• Record set:
===============

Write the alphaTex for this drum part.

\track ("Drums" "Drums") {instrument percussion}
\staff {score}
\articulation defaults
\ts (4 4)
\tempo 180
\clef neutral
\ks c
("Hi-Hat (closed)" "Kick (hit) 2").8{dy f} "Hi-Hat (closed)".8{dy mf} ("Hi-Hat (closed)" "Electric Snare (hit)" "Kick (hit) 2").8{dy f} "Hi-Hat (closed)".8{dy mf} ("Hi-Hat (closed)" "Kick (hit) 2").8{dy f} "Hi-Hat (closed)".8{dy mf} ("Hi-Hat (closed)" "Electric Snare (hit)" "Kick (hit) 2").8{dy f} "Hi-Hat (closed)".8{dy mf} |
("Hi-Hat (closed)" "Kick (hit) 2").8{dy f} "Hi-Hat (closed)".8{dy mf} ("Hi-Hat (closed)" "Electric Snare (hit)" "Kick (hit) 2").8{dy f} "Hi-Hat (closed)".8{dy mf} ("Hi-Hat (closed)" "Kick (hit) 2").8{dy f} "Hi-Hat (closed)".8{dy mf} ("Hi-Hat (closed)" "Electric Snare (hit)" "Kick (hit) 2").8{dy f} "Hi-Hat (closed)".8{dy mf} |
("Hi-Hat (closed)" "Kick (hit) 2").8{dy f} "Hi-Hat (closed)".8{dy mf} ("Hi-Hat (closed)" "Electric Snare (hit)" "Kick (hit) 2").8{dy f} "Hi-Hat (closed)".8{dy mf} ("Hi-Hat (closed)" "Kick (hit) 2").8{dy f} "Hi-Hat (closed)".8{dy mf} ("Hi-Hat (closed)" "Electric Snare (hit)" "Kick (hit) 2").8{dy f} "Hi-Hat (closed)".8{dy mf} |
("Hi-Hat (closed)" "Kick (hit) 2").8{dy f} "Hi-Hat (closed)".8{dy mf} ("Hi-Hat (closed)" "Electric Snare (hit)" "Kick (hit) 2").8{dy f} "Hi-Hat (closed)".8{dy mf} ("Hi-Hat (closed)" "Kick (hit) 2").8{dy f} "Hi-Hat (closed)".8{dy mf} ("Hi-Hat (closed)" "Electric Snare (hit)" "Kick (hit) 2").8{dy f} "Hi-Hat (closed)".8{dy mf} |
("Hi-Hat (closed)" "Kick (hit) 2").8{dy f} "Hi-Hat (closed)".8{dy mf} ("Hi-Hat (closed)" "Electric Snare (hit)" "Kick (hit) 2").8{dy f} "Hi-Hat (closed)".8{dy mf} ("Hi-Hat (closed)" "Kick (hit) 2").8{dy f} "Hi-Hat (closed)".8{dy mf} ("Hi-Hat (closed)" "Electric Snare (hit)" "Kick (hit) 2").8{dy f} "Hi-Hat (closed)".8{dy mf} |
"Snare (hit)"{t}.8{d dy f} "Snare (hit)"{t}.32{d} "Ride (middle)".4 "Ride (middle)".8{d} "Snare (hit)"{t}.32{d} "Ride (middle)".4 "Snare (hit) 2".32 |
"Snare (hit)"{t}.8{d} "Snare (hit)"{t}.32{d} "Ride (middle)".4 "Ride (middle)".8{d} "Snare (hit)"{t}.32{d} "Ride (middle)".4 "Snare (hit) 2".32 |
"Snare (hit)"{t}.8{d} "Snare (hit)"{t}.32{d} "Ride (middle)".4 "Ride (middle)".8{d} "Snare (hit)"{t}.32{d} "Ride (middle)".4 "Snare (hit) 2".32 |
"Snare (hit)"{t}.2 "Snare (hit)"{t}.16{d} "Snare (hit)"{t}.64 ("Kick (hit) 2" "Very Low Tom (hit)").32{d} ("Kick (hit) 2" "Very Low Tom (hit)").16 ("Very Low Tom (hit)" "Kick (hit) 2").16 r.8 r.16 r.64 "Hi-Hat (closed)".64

===============

• Task to carry out:
Your job is to give the listing again exactly as it was written.

• Output below:
Write the alphaTex for this drum part.

\track ("Drums" "Drums") {instrument percussion}
\staff {score}
\articulation defaults
\ts (4 4)
\tempo 180
\clef neutral
\ks c
("Hi-Hat (closed)" "Kick (hit) 2").8{dy f} "Hi-Hat (closed)".8{dy mf} ("Hi-Hat (closed)" "Electric Snare (hit)" "Kick (hit) 2").8{dy f} "Hi-Hat (closed)".8{dy mf} ("Hi-Hat (closed)" "Kick (hit) 2").8{dy f} "Hi-Hat (closed)".8{dy mf} ("Hi-Hat (closed)" "Electric Snare (hit)" "Kick (hit) 2").8{dy f} "Hi-Hat (closed)".8{dy mf} |
("Hi-Hat (closed)" "Kick (hit) 2").8{dy f} "Hi-Hat (closed)".8{dy mf} ("Hi-Hat (closed)" "Electric Snare (hit)" "Kick (hit) 2").8{dy f} "Hi-Hat (closed)".8{dy mf} ("Hi-Hat (closed)" "Kick (hit) 2").8{dy f} "Hi-Hat (closed)".8{dy mf} ("Hi-Hat (closed)" "Electric Snare (hit)" "Kick (hit) 2").8{dy f} "Hi-Hat (closed)".8{dy mf} |
("Hi-Hat (closed)" "Kick (hit) 2").8{dy f} "Hi-Hat (closed)".8{dy mf} ("Hi-Hat (closed)" "Electric Snare (hit)" "Kick (hit) 2").8{dy f} "Hi-Hat (closed)".8{dy mf} ("Hi-Hat (closed)" "Kick (hit) 2").8{dy f} "Hi-Hat (closed)".8{dy mf} ("Hi-Hat (closed)" "Electric Snare (hit)" "Kick (hit) 2").8{dy f} "Hi-Hat (closed)".8{dy mf} |
("Hi-Hat (closed)" "Kick (hit) 2").8{dy f} "Hi-Hat (closed)".8{dy mf} ("Hi-Hat (closed)" "Electric Snare (hit)" "Kick (hit) 2").8{dy f} "Hi-Hat (closed)".8{dy mf} ("Hi-Hat (closed)" "Kick (hit) 2").8{dy f} "Hi-Hat (closed)".8{dy mf} ("Hi-Hat (closed)" "Electric Snare (hit)" "Kick (hit) 2").8{dy f} "Hi-Hat (closed)".8{dy mf} |
("Hi-Hat (closed)" "Kick (hit) 2").8{dy f} "Hi-Hat (closed)".8{dy mf} ("Hi-Hat (closed)" "Electric Snare (hit)" "Kick (hit) 2").8{dy f} "Hi-Hat (closed)".8{dy mf} ("Hi-Hat (closed)" "Kick (hit) 2").8{dy f} "Hi-Hat (closed)".8{dy mf} ("Hi-Hat (closed)" "Electric Snare (hit)" "Kick (hit) 2").8{dy f} "Hi-Hat (closed)".8{dy mf} |
"Snare (hit)"{t}.8{d dy f} "Snare (hit)"{t}.32{d} "Ride (middle)".4 "Ride (middle)".8{d} "Snare (hit)"{t}.32{d} "Ride (middle)".4 "Snare (hit) 2".32 |
"Snare (hit)"{t}.8{d} "Snare (hit)"{t}.32{d} "Ride (middle)".4 "Ride (middle)".8{d} "Snare (hit)"{t}.32{d} "Ride (middle)".4 "Snare (hit) 2".32 |
"Snare (hit)"{t}.8{d} "Snare (hit)"{t}.32{d} "Ride (middle)".4 "Ride (middle)".8{d} "Snare (hit)"{t}.32{d} "Ride (middle)".4 "Snare (hit) 2".32 |
"Snare (hit)"{t}.2 "Snare (hit)"{t}.16{d} "Snare (hit)"{t}.64 ("Kick (hit) 2" "Very Low Tom (hit)").32{d} ("Kick (hit) 2" "Very Low Tom (hit)").16 ("Very Low Tom (hit)" "Kick (hit) 2").16 r.8 r.16 r.64 "Hi-Hat (closed)".64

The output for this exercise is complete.